Milano, da domani riapre Palazzo Reale: prenotazione fortemente consigliata

Il programma di apertura degli istituti culturali civici prevede a partire da domani, martedì 9 febbraio, la riapertura di tutte le mostre già inaugurate o allestite nelle sedi espositive e museali del Comune di Milano.Saranno quindi riaperte al pubblico le mostre già inaugurate e poi chiuse al pubblico dal 4 novembre scorso: “Divine e Avanguardie. Le donne nell’arte russa” e “Prima, donna. Margaret Bourke-White” a Palazzo Reale (orario 10-19.30), “Carla Accardi. Contesti” al Museo del Novecento (orario 10-19.30), “Sotto il Cielo di Nut. Egitto divino” al Museo Archeologico (orario 10-17.30).

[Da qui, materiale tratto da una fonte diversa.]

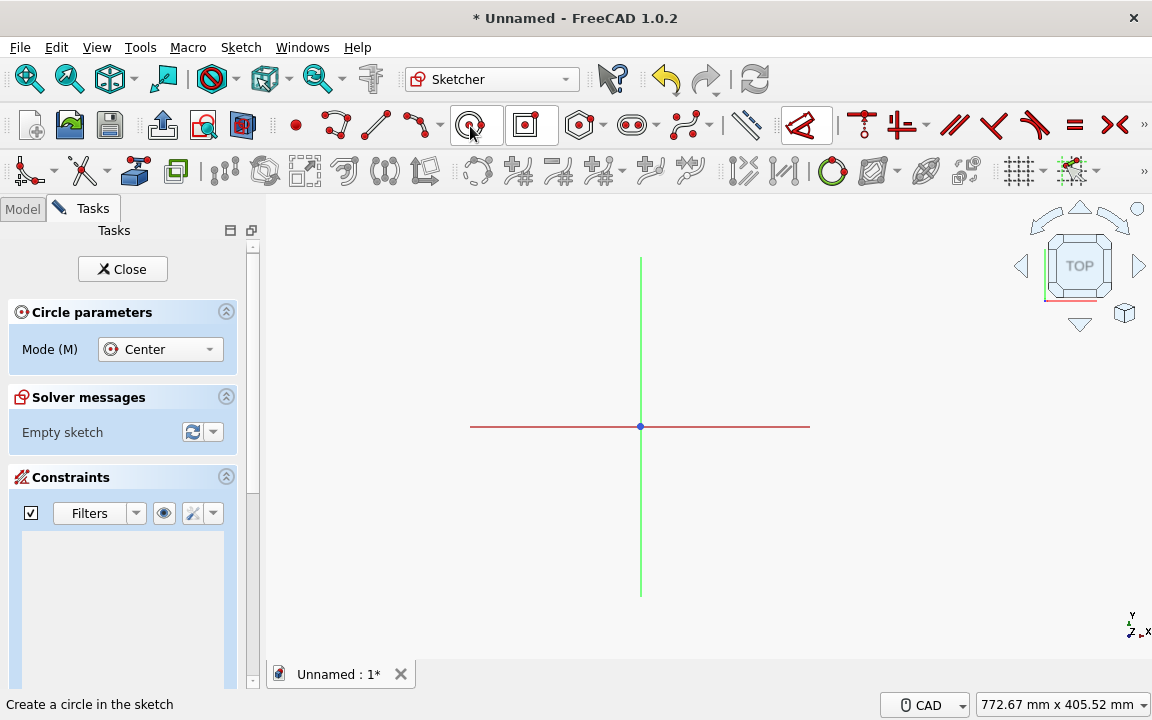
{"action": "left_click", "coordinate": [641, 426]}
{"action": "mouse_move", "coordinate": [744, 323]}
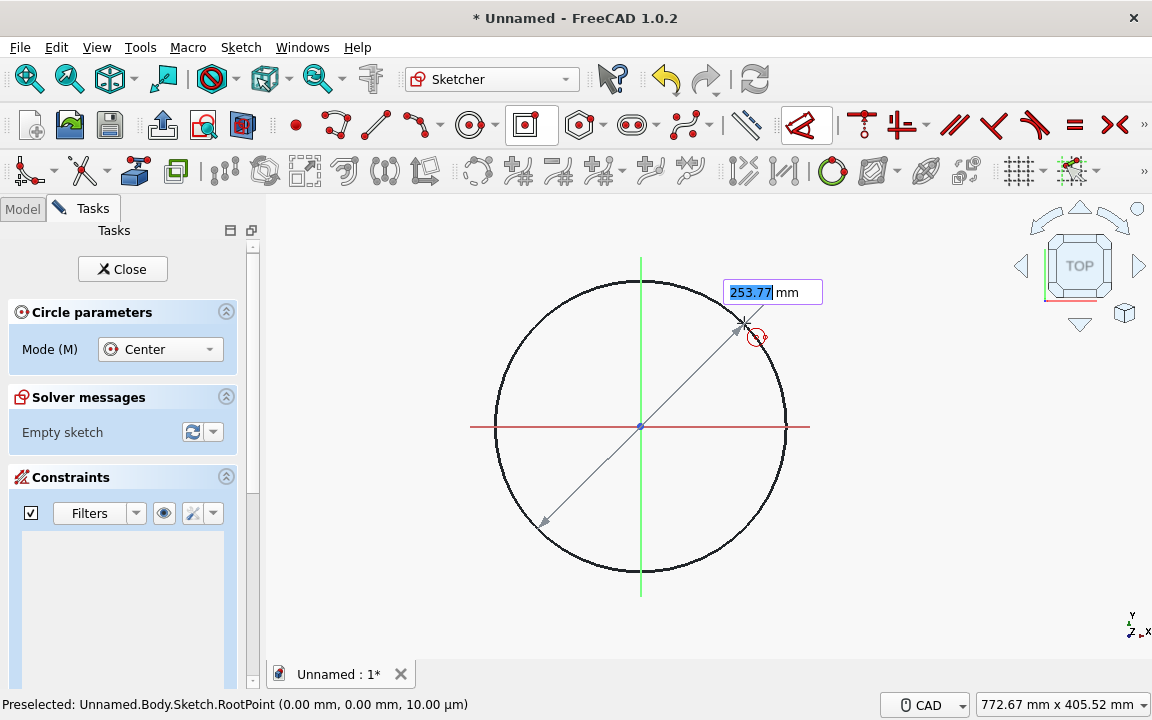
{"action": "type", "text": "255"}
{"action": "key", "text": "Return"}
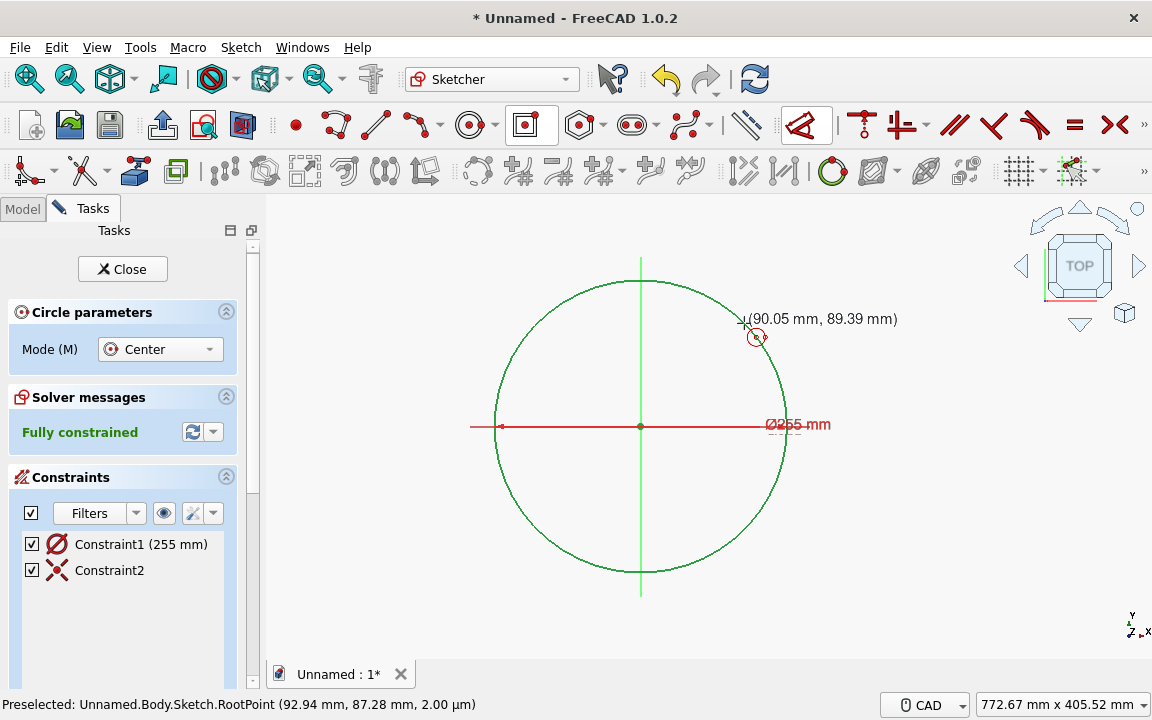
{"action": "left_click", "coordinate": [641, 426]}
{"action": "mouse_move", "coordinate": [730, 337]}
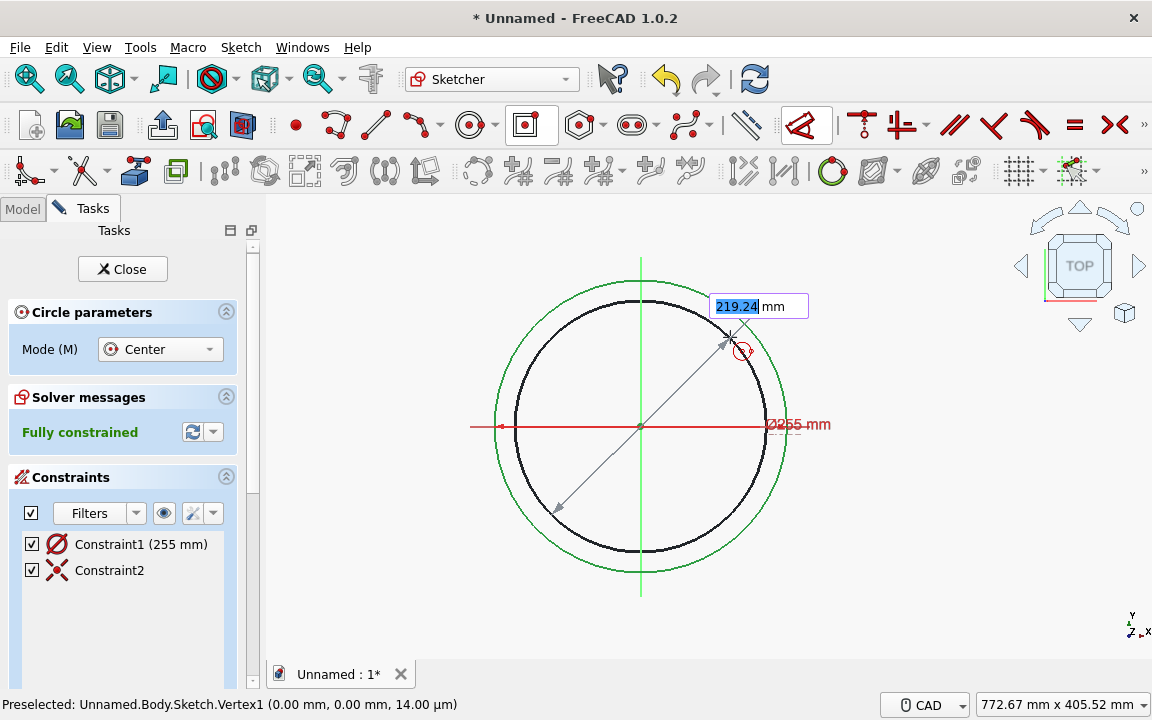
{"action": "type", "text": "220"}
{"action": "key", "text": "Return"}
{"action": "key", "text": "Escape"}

Apriranno al pubblico anche le esposizioni temporanee allestite durante il periodo di lockdown e mai aperte al pubblico: “Giuseppe Bossi e Raffaello” al Castello Sforzesco (orario 10-17.30) e l’installazione artistica “Interazioni Antologiche” di Francesco Panozzo presso Casa della Memoria (orario 10-17.30), che sono state raccontate al pubblico attraverso video e immagini sul web. Mentre saranno inaugurate martedì tre nuove mostre: “La prima stagione di Gianni Dova” alla Casa Boschi di Stefano (orario 10-17.30), “Orticanoodles. Inside” allo Studio Museo Francesco Messina (orario 10-17.30), e “Qhapaq Ñan. La grande strada inca” al Mudec - Sala Khaled Assad (orario 10-19.30). Aperte anche “Frida Khalo. Il caos dentro” alla Fabbrica del Vapore e “Philippe Daverio a Milano” alla Cittadella degli Archivi (giorni e orari di apertura sui siti delle mostre). La mostra “Luisa Lambri. Autoritratto”, allestita al PAC Padiglione d’Arte Contemporanea, aprirà al pubblico martedì 16 (orario 10-19.30).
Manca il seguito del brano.